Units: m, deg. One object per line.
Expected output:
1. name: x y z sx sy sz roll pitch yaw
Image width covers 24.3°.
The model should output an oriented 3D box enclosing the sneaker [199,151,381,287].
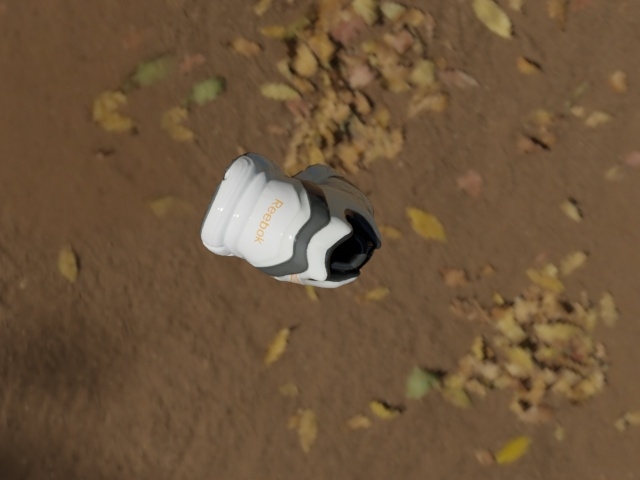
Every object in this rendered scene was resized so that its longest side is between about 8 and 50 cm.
1. sneaker: 0.000 0.000 0.465 0.043 0.109 0.040 27 98 15
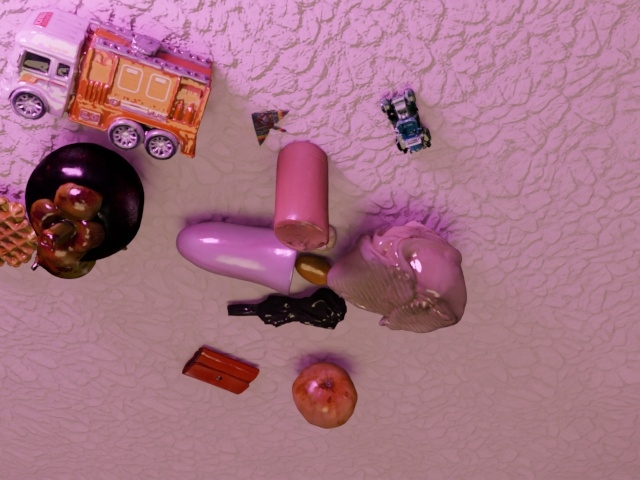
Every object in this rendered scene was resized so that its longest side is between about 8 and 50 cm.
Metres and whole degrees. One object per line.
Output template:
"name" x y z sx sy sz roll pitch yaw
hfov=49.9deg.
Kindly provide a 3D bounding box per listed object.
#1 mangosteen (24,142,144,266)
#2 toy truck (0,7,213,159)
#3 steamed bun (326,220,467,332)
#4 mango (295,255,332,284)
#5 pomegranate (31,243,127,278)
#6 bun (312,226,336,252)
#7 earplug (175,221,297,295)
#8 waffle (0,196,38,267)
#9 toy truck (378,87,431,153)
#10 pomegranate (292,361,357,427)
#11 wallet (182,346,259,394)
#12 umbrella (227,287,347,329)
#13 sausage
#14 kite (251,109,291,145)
"mangosteen" -0.530 -0.067 1.513 0.275 0.302 0.274 3 121 5
"toy truck" -0.413 -0.321 1.368 0.388 0.173 0.206 16 125 -19
"steamed bun" 0.213 0.078 1.729 0.310 0.219 0.324 34 151 -11
"mango" -0.018 0.078 1.826 0.114 0.057 0.079 30 134 -22
"pomegranate" -0.595 0.020 1.703 0.220 0.156 0.156 -6 133 6
"bun" 0.000 0.000 1.752 0.086 0.054 0.086 -1 134 -1
"earplug" -0.210 0.027 1.718 0.302 0.172 0.172 10 133 -2
"waffle" -0.817 -0.036 1.694 0.249 0.056 0.253 25 133 -8
"toy truck" 0.187 -0.251 1.499 0.080 0.078 0.154 -18 131 14
"pomegranate" 0.011 0.474 2.106 0.207 0.207 0.207 0 134 0
"wallet" -0.311 0.410 2.149 0.205 0.045 0.142 27 128 -23
"umbrella" -0.096 0.192 1.917 0.341 0.118 0.118 0 134 13
"sausage" -0.041 -0.093 1.529 0.123 0.252 0.123 0 139 0
"kite" -0.118 -0.259 1.537 0.090 0.004 0.122 24 129 -22
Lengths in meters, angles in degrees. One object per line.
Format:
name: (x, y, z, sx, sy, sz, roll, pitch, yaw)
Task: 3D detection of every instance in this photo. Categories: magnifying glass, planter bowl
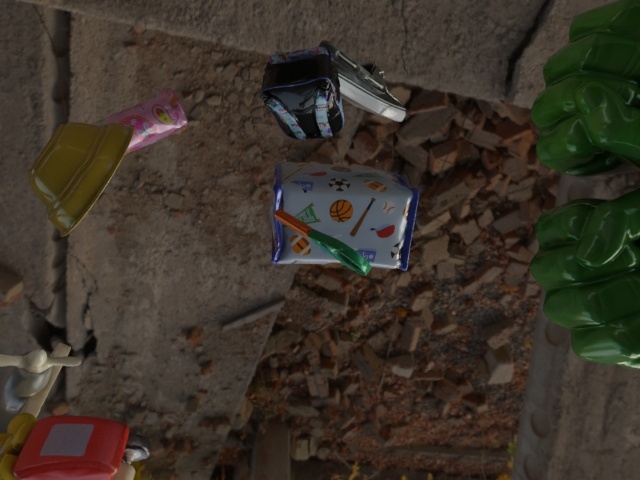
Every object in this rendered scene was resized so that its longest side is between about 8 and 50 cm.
magnifying glass: (0.000, 0.000, 0.901, 0.026, 0.231, 0.092, -52, 152, -8)
planter bowl: (-0.400, -0.122, 0.752, 0.217, 0.217, 0.090, -37, 128, 26)

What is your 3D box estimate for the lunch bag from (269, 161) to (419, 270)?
lunch bag: (0.035, -0.082, 1.185, 0.327, 0.385, 0.239, 4, 112, -8)

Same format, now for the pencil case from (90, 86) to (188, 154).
pencil case: (-0.482, -0.284, 1.186, 0.284, 0.124, 0.124, -30, 132, -15)

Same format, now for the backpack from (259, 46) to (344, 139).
backpack: (-0.027, -0.293, 0.973, 0.158, 0.117, 0.173, -6, 153, 15)

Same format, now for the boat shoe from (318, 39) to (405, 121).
boat shoe: (0.119, -0.415, 1.233, 0.335, 0.121, 0.119, 14, 104, -39)

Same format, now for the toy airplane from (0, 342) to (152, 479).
toy airplane: (-0.471, 0.342, 0.651, 0.384, 0.386, 0.272, -51, 125, -19)

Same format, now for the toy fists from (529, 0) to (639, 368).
toy fists: (0.239, -0.043, 0.353, 0.142, 0.096, 0.279, 0, 91, 11)
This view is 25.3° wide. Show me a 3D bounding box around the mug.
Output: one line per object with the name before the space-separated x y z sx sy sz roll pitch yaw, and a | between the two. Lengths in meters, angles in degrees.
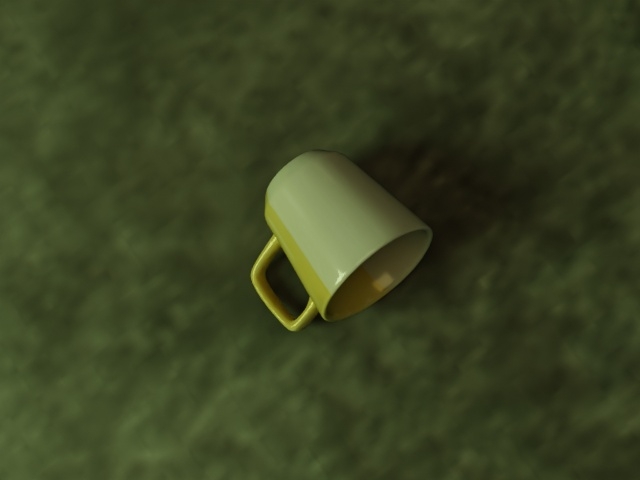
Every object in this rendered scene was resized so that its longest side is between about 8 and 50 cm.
mug | 0.001 -0.002 0.647 0.078 0.062 0.064 -38 71 -6
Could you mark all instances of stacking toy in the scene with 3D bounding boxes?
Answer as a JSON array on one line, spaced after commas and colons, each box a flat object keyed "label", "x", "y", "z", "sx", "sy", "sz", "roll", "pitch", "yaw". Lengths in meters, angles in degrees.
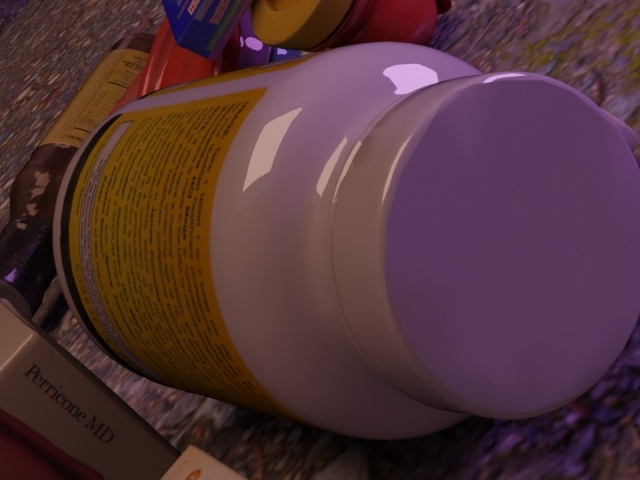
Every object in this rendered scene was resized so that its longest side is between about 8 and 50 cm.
[{"label": "stacking toy", "x": -0.034, "y": -0.099, "z": 1.060, "sx": 0.309, "sy": 0.130, "sz": 0.279, "roll": -16, "pitch": 62, "yaw": 54}]

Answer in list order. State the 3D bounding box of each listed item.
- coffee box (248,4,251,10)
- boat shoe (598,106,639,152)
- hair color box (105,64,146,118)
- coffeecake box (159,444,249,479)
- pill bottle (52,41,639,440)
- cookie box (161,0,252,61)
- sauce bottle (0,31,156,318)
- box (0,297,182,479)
[{"label": "coffee box", "x": -0.068, "y": -0.343, "z": 1.482, "sx": 0.141, "sy": 0.098, "sz": 0.246, "roll": -29, "pitch": 27, "yaw": 33}, {"label": "boat shoe", "x": 0.108, "y": -0.048, "z": 0.727, "sx": 0.063, "sy": 0.066, "sz": 0.184, "roll": -62, "pitch": 28, "yaw": -7}, {"label": "hair color box", "x": -0.148, "y": -0.107, "z": 1.214, "sx": 0.053, "sy": 0.093, "sz": 0.167, "roll": -18, "pitch": 35, "yaw": 48}, {"label": "coffeecake box", "x": -0.049, "y": 0.185, "z": 0.570, "sx": 0.142, "sy": 0.068, "sz": 0.185, "roll": -50, "pitch": 23, "yaw": -14}, {"label": "pill bottle", "x": 0.000, "y": 0.000, "z": 0.655, "sx": 0.188, "sy": 0.188, "sz": 0.334, "roll": -52, "pitch": 23, "yaw": -18}, {"label": "cookie box", "x": -0.091, "y": -0.215, "z": 1.044, "sx": 0.092, "sy": 0.040, "sz": 0.107, "roll": -53, "pitch": 36, "yaw": 27}, {"label": "sauce bottle", "x": -0.235, "y": -0.064, "z": 1.263, "sx": 0.111, "sy": 0.111, "sz": 0.344, "roll": -20, "pitch": 32, "yaw": 44}, {"label": "box", "x": -0.209, "y": 0.171, "z": 0.758, "sx": 0.232, "sy": 0.148, "sz": 0.127, "roll": -49, "pitch": 23, "yaw": -10}]
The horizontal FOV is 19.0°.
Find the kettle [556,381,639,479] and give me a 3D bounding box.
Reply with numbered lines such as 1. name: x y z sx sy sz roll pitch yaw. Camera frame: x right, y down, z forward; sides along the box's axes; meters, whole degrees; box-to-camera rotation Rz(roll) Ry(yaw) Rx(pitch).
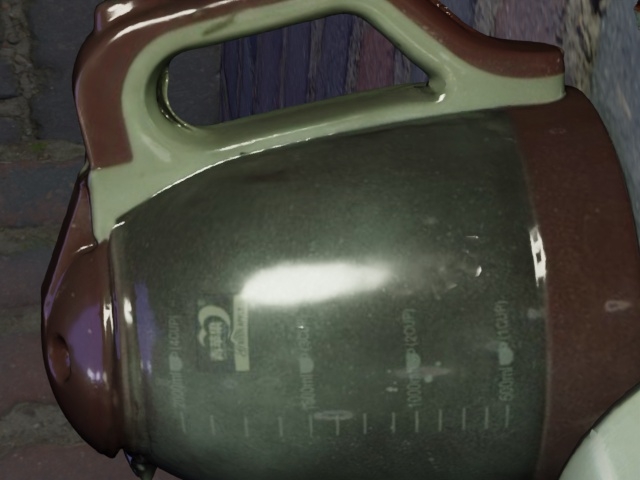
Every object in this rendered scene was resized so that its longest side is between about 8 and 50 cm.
1. kettle: 0.160 0.132 0.459 0.221 0.161 0.236 87 173 -46

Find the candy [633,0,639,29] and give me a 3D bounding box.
1. candy: 0.156 -0.141 0.813 0.175 0.043 0.045 95 158 -50

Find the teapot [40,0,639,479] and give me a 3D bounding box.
1. teapot: 0.000 0.000 1.055 0.233 0.312 0.315 -122 29 -70
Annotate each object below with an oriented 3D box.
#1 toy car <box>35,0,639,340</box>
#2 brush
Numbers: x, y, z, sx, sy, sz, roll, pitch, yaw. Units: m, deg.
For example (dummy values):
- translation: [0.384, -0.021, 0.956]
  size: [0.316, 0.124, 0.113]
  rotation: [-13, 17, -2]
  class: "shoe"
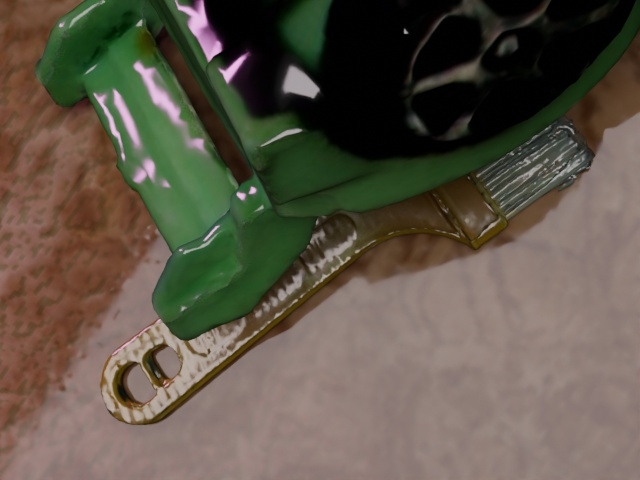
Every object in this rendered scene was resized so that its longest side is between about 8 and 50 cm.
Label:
- translation: [0.056, -0.136, 0.442]
  size: [0.359, 0.176, 0.213]
  rotation: [-31, 60, -4]
  class: "toy car"
- translation: [0.000, 0.000, 0.513]
  size: [0.218, 0.010, 0.082]
  rotation: [-37, 79, 2]
  class: "brush"
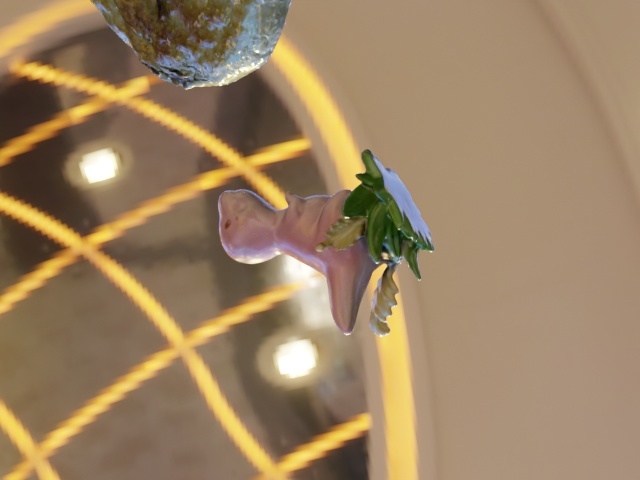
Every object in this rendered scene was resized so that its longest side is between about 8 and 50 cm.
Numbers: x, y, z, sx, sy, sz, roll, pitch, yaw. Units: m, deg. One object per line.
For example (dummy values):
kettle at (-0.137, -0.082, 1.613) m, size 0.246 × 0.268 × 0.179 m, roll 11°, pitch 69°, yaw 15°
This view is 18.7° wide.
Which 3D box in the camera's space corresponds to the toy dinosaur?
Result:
toy dinosaur at (-0.002, 0.000, 1.811) m, size 0.177 × 0.152 × 0.194 m, roll -33°, pitch -104°, yaw 12°

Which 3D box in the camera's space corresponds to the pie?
pie at (-0.106, -0.229, 1.453) m, size 0.054 × 0.240 × 0.240 m, roll -23°, pitch -139°, yaw -39°
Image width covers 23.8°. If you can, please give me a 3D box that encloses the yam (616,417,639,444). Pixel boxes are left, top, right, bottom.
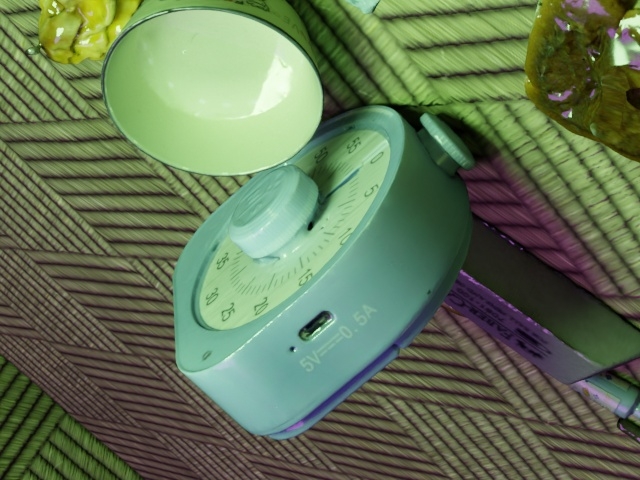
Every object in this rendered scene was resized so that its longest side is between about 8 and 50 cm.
[{"bbox_3d":[0.493,0.310,2.040,0.234,0.029,0.027,35,168,-4],"label":"yam"}]

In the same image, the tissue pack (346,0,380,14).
[{"bbox_3d":[-0.018,-0.335,1.347,0.257,0.081,0.185,34,157,-1],"label":"tissue pack"}]

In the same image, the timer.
[{"bbox_3d":[0.000,0.000,1.665,0.173,0.395,0.395,44,154,-21],"label":"timer"}]

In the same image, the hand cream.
[{"bbox_3d":[0.348,0.183,1.953,0.171,0.043,0.065,28,157,15],"label":"hand cream"}]

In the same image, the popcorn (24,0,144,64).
[{"bbox_3d":[-0.241,-0.289,1.653,0.140,0.163,0.194,12,122,3],"label":"popcorn"}]

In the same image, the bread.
[{"bbox_3d":[0.274,-0.156,1.297,0.192,0.109,0.210,26,156,12],"label":"bread"}]

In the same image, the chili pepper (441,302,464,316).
[{"bbox_3d":[0.133,0.047,1.961,0.208,0.043,0.049,31,169,4],"label":"chili pepper"}]

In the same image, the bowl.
[{"bbox_3d":[-0.110,-0.191,1.629,0.238,0.126,0.237,2,135,2],"label":"bowl"}]

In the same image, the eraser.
[{"bbox_3d":[0.232,0.069,1.834,0.352,0.077,0.111,34,156,-5],"label":"eraser"}]
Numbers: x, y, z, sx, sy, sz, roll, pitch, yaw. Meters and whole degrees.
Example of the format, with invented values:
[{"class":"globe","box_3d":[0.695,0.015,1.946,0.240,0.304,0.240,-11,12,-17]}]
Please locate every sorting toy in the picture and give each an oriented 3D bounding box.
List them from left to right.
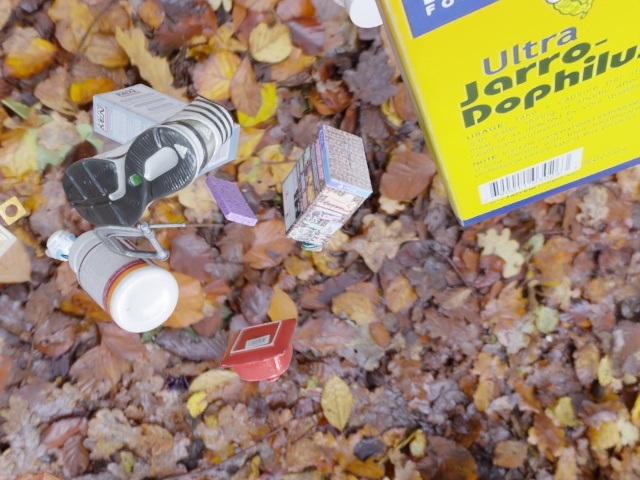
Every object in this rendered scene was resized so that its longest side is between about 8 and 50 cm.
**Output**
[{"class":"sorting toy","box_3d":[-0.951,0.011,1.523,0.347,0.047,0.196,-57,145,-22]}]

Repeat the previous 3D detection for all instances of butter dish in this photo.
[{"class":"butter dish","box_3d":[-0.124,0.264,1.257,0.160,0.160,0.118,-13,109,13]}]

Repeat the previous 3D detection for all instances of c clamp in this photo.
[{"class":"c clamp","box_3d":[-0.274,0.004,0.860,0.137,0.160,0.022,4,70,-9]}]

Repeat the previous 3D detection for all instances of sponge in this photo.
[{"class":"sponge","box_3d":[-0.296,-0.133,1.847,0.117,0.210,0.031,15,120,-45]}]

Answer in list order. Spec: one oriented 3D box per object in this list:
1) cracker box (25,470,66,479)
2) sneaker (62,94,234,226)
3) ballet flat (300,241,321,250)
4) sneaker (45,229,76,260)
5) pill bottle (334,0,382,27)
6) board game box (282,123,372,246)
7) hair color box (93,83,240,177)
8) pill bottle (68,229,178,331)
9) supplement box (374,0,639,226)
[{"class":"cracker box","box_3d":[-0.415,0.407,0.686,0.232,0.155,0.067,-31,127,16]},{"class":"sneaker","box_3d":[-0.355,-0.173,1.229,0.169,0.447,0.257,61,38,-18]},{"class":"ballet flat","box_3d":[0.000,0.000,1.921,0.213,0.072,0.068,-43,146,-50]},{"class":"sneaker","box_3d":[-0.743,0.027,1.620,0.086,0.237,0.085,47,69,-11]},{"class":"pill bottle","box_3d":[0.093,-0.818,1.577,0.229,0.229,0.407,-15,69,-16]},{"class":"board game box","box_3d":[0.010,-0.164,1.730,0.141,0.291,0.232,15,49,-26]},{"class":"hair color box","box_3d":[-0.438,-0.320,1.585,0.374,0.185,0.113,26,124,18]},{"class":"pill bottle","box_3d":[-0.360,0.064,1.002,0.121,0.221,0.121,-23,126,-36]},{"class":"supplement box","box_3d":[0.149,-0.183,0.436,0.195,0.356,0.194,-21,66,13]}]
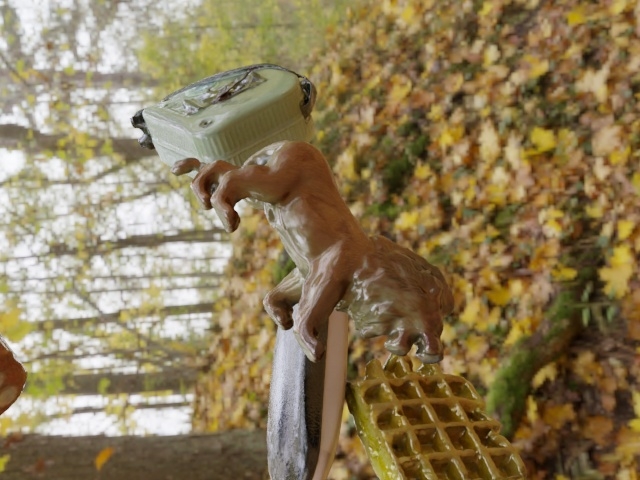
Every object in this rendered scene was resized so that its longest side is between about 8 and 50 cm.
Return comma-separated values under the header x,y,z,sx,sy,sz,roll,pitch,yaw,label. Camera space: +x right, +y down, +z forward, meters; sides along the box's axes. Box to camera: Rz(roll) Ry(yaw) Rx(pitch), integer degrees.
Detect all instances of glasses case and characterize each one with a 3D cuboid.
x,y,z,sx,sy,sz,roll,pitch,yaw,label
-0.015,0.157,1.094,0.122,0.075,0.315,129,152,-51,glasses case

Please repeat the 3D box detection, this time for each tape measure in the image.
x,y,z,sx,sy,sz,roll,pitch,yaw,label
-0.125,-0.174,1.248,0.235,0.207,0.115,27,144,54,tape measure

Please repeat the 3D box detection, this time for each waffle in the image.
x,y,z,sx,sy,sz,roll,pitch,yaw,label
0.122,0.209,1.048,0.211,0.160,0.055,-116,35,-48,waffle

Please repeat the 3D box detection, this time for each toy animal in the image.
x,y,z,sx,sy,sz,roll,pitch,yaw,label
0.000,0.000,0.863,0.312,0.157,0.097,56,164,15,toy animal

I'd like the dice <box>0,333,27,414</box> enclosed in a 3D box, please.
x,y,z,sx,sy,sz,roll,pitch,yaw,label
-0.582,0.194,1.440,0.179,0.174,0.175,34,156,33,dice

- [Instructions to follow] Return every line of the listing above where "Answer" appears.

- [Solution for this exercise]
Answer as a JSON array on one line, spaced after commas and colons, each box a flat object keyed "label", "x", "y", "z", "sx", "sy", "sz", "roll", "pitch", "yaw". Lengths in meters, angles in degrees.
Answer in list order. State the 3D bounding box of each listed item.
Answer in list order. Spec: one oriented 3D box per object in this list:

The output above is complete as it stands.